Interactions with course interfaces are a real factor in learning; difficult or negative interactions with interfaces can depress learning. (Hillman et al., 1994; Hewit, 2003 taken from Swan 2004

So far I’ve described the mechanical or easy side of the Indicators project where we look at what’s happened and try to infer something from it. In David’s Blog he describes these as lag indicators whereas the more interesting and last part of the project is to develop some lead indicators to assist staff and students. We haven’t discussed this to any extent but to it might take the form of an RSS feed to staff that provides information to staff of potential issues. The example David uses is an early quiz that may be testing for a key concept that is built on throughout the course. If there is an unexpectantly high failure rate in this early quiz then the academic can quickly adjust the content to ensure that this concept is covered appropriately to prevent issues later on in the course. However this is a long way down the road and there is a lot of work before that.

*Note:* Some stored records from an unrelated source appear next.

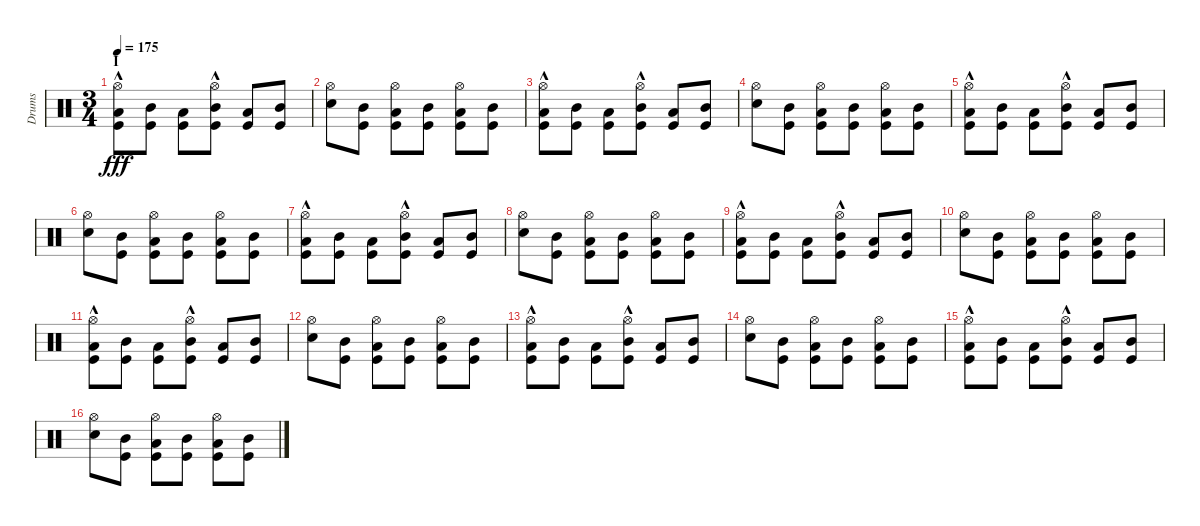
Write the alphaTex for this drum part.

\track ("Drums" "Drums") {instrument percussion}
\staff {score}
\articulation defaults
\ts (3 4)
\section ("" "I")
\tempo 175
\clef neutral
\ks c
("Hi-Hat (open)" "Low Tom (hit)"{hac} "Kick (hit)").8{dy fff} ("Mid Tom (hit)" "Kick (hit)").8 ("Low Tom (hit)" "Kick (hit)").8 ("Hi-Hat (open)" "Mid Tom (hit)"{hac} "Kick (hit)").8 ("Low Tom (hit)" "Kick (hit)").8 ("Mid Tom (hit)" "Kick (hit)").8 |
("Hi-Hat (open)" "Snare (hit) 2").8 ("Mid Tom (hit)" "Kick (hit)").8 ("Hi-Hat (open)" "Low Tom (hit)" "Kick (hit)").8 ("Mid Tom (hit)" "Kick (hit)").8 ("Hi-Hat (open)" "Low Tom (hit)" "Kick (hit)").8 ("Mid Tom (hit)" "Kick (hit)").8 |
("Hi-Hat (open)" "Low Tom (hit)"{hac} "Kick (hit)").8 ("Mid Tom (hit)" "Kick (hit)").8 ("Low Tom (hit)" "Kick (hit)").8 ("Hi-Hat (open)" "Mid Tom (hit)"{hac} "Kick (hit)").8 ("Low Tom (hit)" "Kick (hit)").8 ("Mid Tom (hit)" "Kick (hit)").8 |
("Hi-Hat (open)" "Snare (hit) 2").8 ("Mid Tom (hit)" "Kick (hit)").8 ("Hi-Hat (open)" "Low Tom (hit)" "Kick (hit)").8 ("Mid Tom (hit)" "Kick (hit)").8 ("Hi-Hat (open)" "Low Tom (hit)" "Kick (hit)").8 ("Mid Tom (hit)" "Kick (hit)").8 |
("Hi-Hat (open)" "Low Tom (hit)"{hac} "Kick (hit)").8 ("Mid Tom (hit)" "Kick (hit)").8 ("Low Tom (hit)" "Kick (hit)").8 ("Hi-Hat (open)" "Mid Tom (hit)"{hac} "Kick (hit)").8 ("Low Tom (hit)" "Kick (hit)").8 ("Mid Tom (hit)" "Kick (hit)").8 |
("Hi-Hat (open)" "Snare (hit) 2").8 ("Mid Tom (hit)" "Kick (hit)").8 ("Hi-Hat (open)" "Low Tom (hit)" "Kick (hit)").8 ("Mid Tom (hit)" "Kick (hit)").8 ("Hi-Hat (open)" "Low Tom (hit)" "Kick (hit)").8 ("Mid Tom (hit)" "Kick (hit)").8 |
("Hi-Hat (open)" "Low Tom (hit)"{hac} "Kick (hit)").8 ("Mid Tom (hit)" "Kick (hit)").8 ("Low Tom (hit)" "Kick (hit)").8 ("Hi-Hat (open)" "Mid Tom (hit)"{hac} "Kick (hit)").8 ("Low Tom (hit)" "Kick (hit)").8 ("Mid Tom (hit)" "Kick (hit)").8 |
("Hi-Hat (open)" "Snare (hit) 2").8 ("Mid Tom (hit)" "Kick (hit)").8 ("Hi-Hat (open)" "Low Tom (hit)" "Kick (hit)").8 ("Mid Tom (hit)" "Kick (hit)").8 ("Hi-Hat (open)" "Low Tom (hit)" "Kick (hit)").8 ("Mid Tom (hit)" "Kick (hit)").8 |
("Hi-Hat (open)" "Low Tom (hit)"{hac} "Kick (hit)").8 ("Mid Tom (hit)" "Kick (hit)").8 ("Low Tom (hit)" "Kick (hit)").8 ("Hi-Hat (open)" "Mid Tom (hit)"{hac} "Kick (hit)").8 ("Low Tom (hit)" "Kick (hit)").8 ("Mid Tom (hit)" "Kick (hit)").8 |
("Hi-Hat (open)" "Snare (hit) 2").8 ("Mid Tom (hit)" "Kick (hit)").8 ("Hi-Hat (open)" "Low Tom (hit)" "Kick (hit)").8 ("Mid Tom (hit)" "Kick (hit)").8 ("Hi-Hat (open)" "Low Tom (hit)" "Kick (hit)").8 ("Mid Tom (hit)" "Kick (hit)").8 |
("Hi-Hat (open)" "Low Tom (hit)"{hac} "Kick (hit)").8 ("Mid Tom (hit)" "Kick (hit)").8 ("Low Tom (hit)" "Kick (hit)").8 ("Hi-Hat (open)" "Mid Tom (hit)"{hac} "Kick (hit)").8 ("Low Tom (hit)" "Kick (hit)").8 ("Mid Tom (hit)" "Kick (hit)").8 |
("Hi-Hat (open)" "Snare (hit) 2").8 ("Mid Tom (hit)" "Kick (hit)").8 ("Hi-Hat (open)" "Low Tom (hit)" "Kick (hit)").8 ("Mid Tom (hit)" "Kick (hit)").8 ("Hi-Hat (open)" "Low Tom (hit)" "Kick (hit)").8 ("Mid Tom (hit)" "Kick (hit)").8 |
("Hi-Hat (open)" "Low Tom (hit)"{hac} "Kick (hit)").8 ("Mid Tom (hit)" "Kick (hit)").8 ("Low Tom (hit)" "Kick (hit)").8 ("Hi-Hat (open)" "Mid Tom (hit)"{hac} "Kick (hit)").8 ("Low Tom (hit)" "Kick (hit)").8 ("Mid Tom (hit)" "Kick (hit)").8 |
("Hi-Hat (open)" "Snare (hit) 2").8 ("Mid Tom (hit)" "Kick (hit)").8 ("Hi-Hat (open)" "Low Tom (hit)" "Kick (hit)").8 ("Mid Tom (hit)" "Kick (hit)").8 ("Hi-Hat (open)" "Low Tom (hit)" "Kick (hit)").8 ("Mid Tom (hit)" "Kick (hit)").8 |
("Hi-Hat (open)" "Low Tom (hit)"{hac} "Kick (hit)").8 ("Mid Tom (hit)" "Kick (hit)").8 ("Low Tom (hit)" "Kick (hit)").8 ("Hi-Hat (open)" "Mid Tom (hit)"{hac} "Kick (hit)").8 ("Low Tom (hit)" "Kick (hit)").8 ("Mid Tom (hit)" "Kick (hit)").8 |
("Hi-Hat (open)" "Snare (hit) 2").8 ("Mid Tom (hit)" "Kick (hit)").8 ("Hi-Hat (open)" "Low Tom (hit)" "Kick (hit)").8 ("Mid Tom (hit)" "Kick (hit)").8 ("Hi-Hat (open)" "Low Tom (hit)" "Kick (hit)").8 ("Mid Tom (hit)" "Kick (hit)").8

I recently received some polite, and not unjustified, criticism of the project because it didn’t have clearly defined methodology and planning structure. However we made the point early to develop the project in much the same way as agile software development occurs; with many iterations, teamwork, collaboration and process adaptability throughout the life of the project drawing upon the advice and experience of as many other folk as are willing to talk to us. A safe fail approach is being used to expect to see many iterations as the project progresses.


Alan Berg, V. M., Frank Benneker Blackboard 6 usage patterns and implications for the University of Amsterdam. Central Computing Services, Universiteit van Amsterdam. Amsterdam, Unversiteit of Amsterdam: 5.

Chickering, A. W., Ehrmann, S. C. (1996). Implementing the seven principles: Technology as lever. Retrieved on February 20, 2009 from

Heathcoat & Dawson. (2005). “Data Mining for Evaluation, Benchmarking and Reflective Practice in a LMS.” E-Learn 2005: World conference on E-Learning in corporate, government, healthcare and higher education.

Dawson, S. M., Erica. (2008). Investigating the application of IT generated data as an indicator of learning and teaching performance, Queensland University of Technology and the University of British Columbia: 41.

Swan, K. (2004). Relationships between Interactions and Learning in Online Environments., SLOAN-C: A collection of research findings and their implications for practice.